(Task input):
=-=-=-=-=

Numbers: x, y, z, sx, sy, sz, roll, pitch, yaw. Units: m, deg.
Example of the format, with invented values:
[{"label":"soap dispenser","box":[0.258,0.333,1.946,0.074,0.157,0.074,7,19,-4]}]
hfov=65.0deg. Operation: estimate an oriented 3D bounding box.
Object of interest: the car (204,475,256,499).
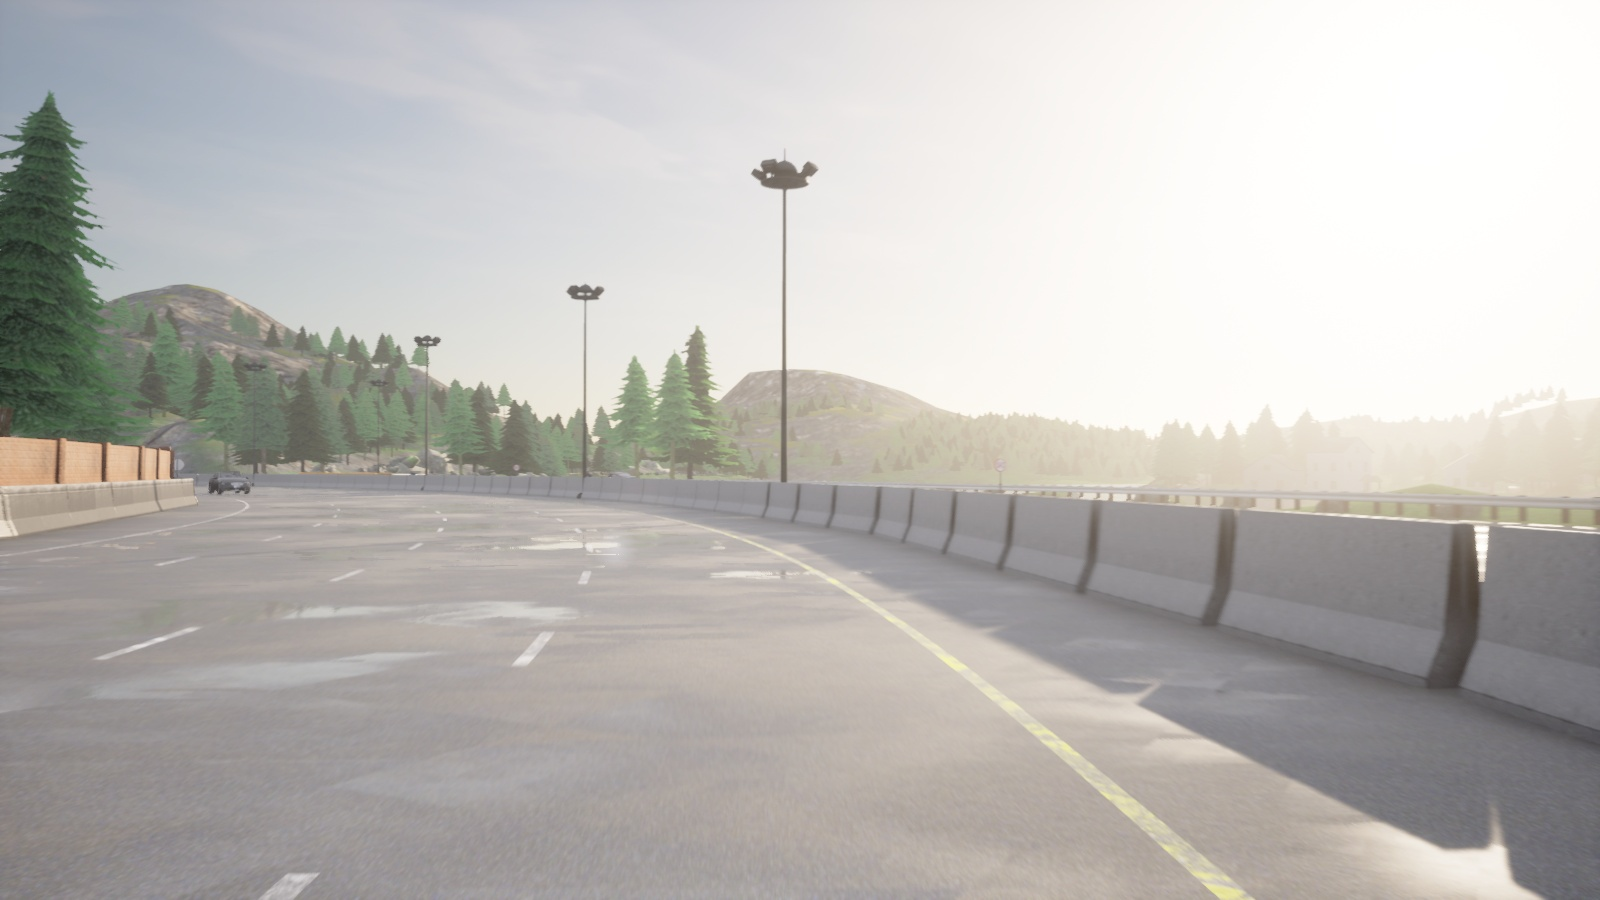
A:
[{"label":"car","box":[-36.728,2.361,80.823,2.128,1.511,4.902,0,-1,-35]}]
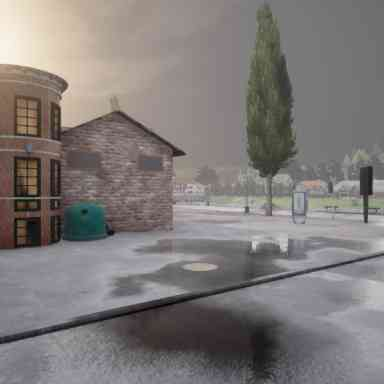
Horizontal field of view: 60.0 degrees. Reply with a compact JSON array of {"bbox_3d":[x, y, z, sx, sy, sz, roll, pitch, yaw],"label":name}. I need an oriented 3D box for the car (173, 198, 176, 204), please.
[{"bbox_3d":[-4.632,1.526,60.368,1.812,1.442,4.674,0,0,-35],"label":"car"}]
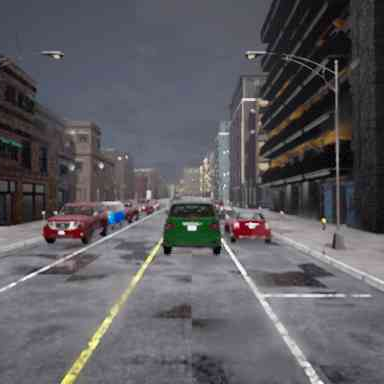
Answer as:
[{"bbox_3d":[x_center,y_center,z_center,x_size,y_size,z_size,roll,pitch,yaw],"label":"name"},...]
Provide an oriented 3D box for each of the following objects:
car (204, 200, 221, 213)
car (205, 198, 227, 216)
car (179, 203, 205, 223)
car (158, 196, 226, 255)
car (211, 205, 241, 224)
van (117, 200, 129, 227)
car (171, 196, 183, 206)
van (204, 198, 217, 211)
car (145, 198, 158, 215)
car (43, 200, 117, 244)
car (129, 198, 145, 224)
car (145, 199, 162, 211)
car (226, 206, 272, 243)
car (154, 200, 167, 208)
[{"bbox_3d":[2.724,1.848,43.982,1.967,1.590,4.097,1,-1,0],"label":"car"},{"bbox_3d":[2.725,1.674,38.576,2.192,1.841,5.009,1,-1,0],"label":"car"},{"bbox_3d":[0.016,1.766,29.312,2.128,1.511,4.902,0,0,0],"label":"car"},{"bbox_3d":[0.007,1.348,14.020,2.150,2.045,5.566,0,0,0],"label":"car"},{"bbox_3d":[2.716,1.810,27.760,2.008,1.369,4.403,1,-1,0],"label":"car"},{"bbox_3d":[-5.662,1.551,22.366,1.690,1.788,3.998,1,-1,0],"label":"van"},{"bbox_3d":[-2.972,1.832,67.707,2.150,2.045,5.566,0,-1,0],"label":"car"},{"bbox_3d":[2.729,1.799,49.390,1.690,1.788,3.998,1,-1,0],"label":"van"},{"bbox_3d":[-5.655,1.674,38.587,2.192,1.841,5.009,1,-1,0],"label":"car"},{"bbox_3d":[-5.664,1.474,16.959,2.192,1.841,5.009,1,-1,0],"label":"car"},{"bbox_3d":[-5.659,1.574,27.773,2.192,1.841,5.009,1,-1,0],"label":"car"},{"bbox_3d":[-5.653,1.898,49.400,1.967,1.590,4.097,1,-1,0],"label":"car"},{"bbox_3d":[2.714,1.599,16.948,1.967,1.590,4.097,1,-1,0],"label":"car"},{"bbox_3d":[-5.651,2.108,60.212,2.008,1.369,4.403,1,-1,0],"label":"car"}]

=-=-=-=-=

(Directions): Repeat the records above exactly, from the first line through the line that contains "car (226, 206, 272, 243)", and leave out the pictures.

(Your response):
Numbers: x, y, z, sx, sy, sz, roll, pitch, yaw. Units: m, deg.
Example of the format, with invented values:
[{"label":"soap dispenser","box":[0.258,0.333,1.946,0.074,0.157,0.074,7,19,-4]}]
hfov=65.0deg. Operation: estimate an oriented 3D bounding box.
Object of interest: the car (204,475,256,499).
A:
[{"label":"car","box":[-36.728,2.361,80.823,2.128,1.511,4.902,0,-1,-35]}]
Horizontal field of view: 60.0 degrees. Reply with a compact JSON array of {"bbox_3d":[x, y, z, sx, sy, sz, roll, pitch, yaw],"label":name}. I need an oriented 3D box for the car (173, 198, 176, 204), please.
[{"bbox_3d":[-4.632,1.526,60.368,1.812,1.442,4.674,0,0,-35],"label":"car"}]
Answer as:
[{"bbox_3d":[x_center,y_center,z_center,x_size,y_size,z_size,roll,pitch,yaw],"label":"name"},...]
Provide an oriented 3D box for each of the following objects:
car (204, 200, 221, 213)
car (205, 198, 227, 216)
car (179, 203, 205, 223)
car (158, 196, 226, 255)
car (211, 205, 241, 224)
van (117, 200, 129, 227)
car (171, 196, 183, 206)
van (204, 198, 217, 211)
car (145, 198, 158, 215)
car (43, 200, 117, 244)
car (129, 198, 145, 224)
car (145, 199, 162, 211)
car (226, 206, 272, 243)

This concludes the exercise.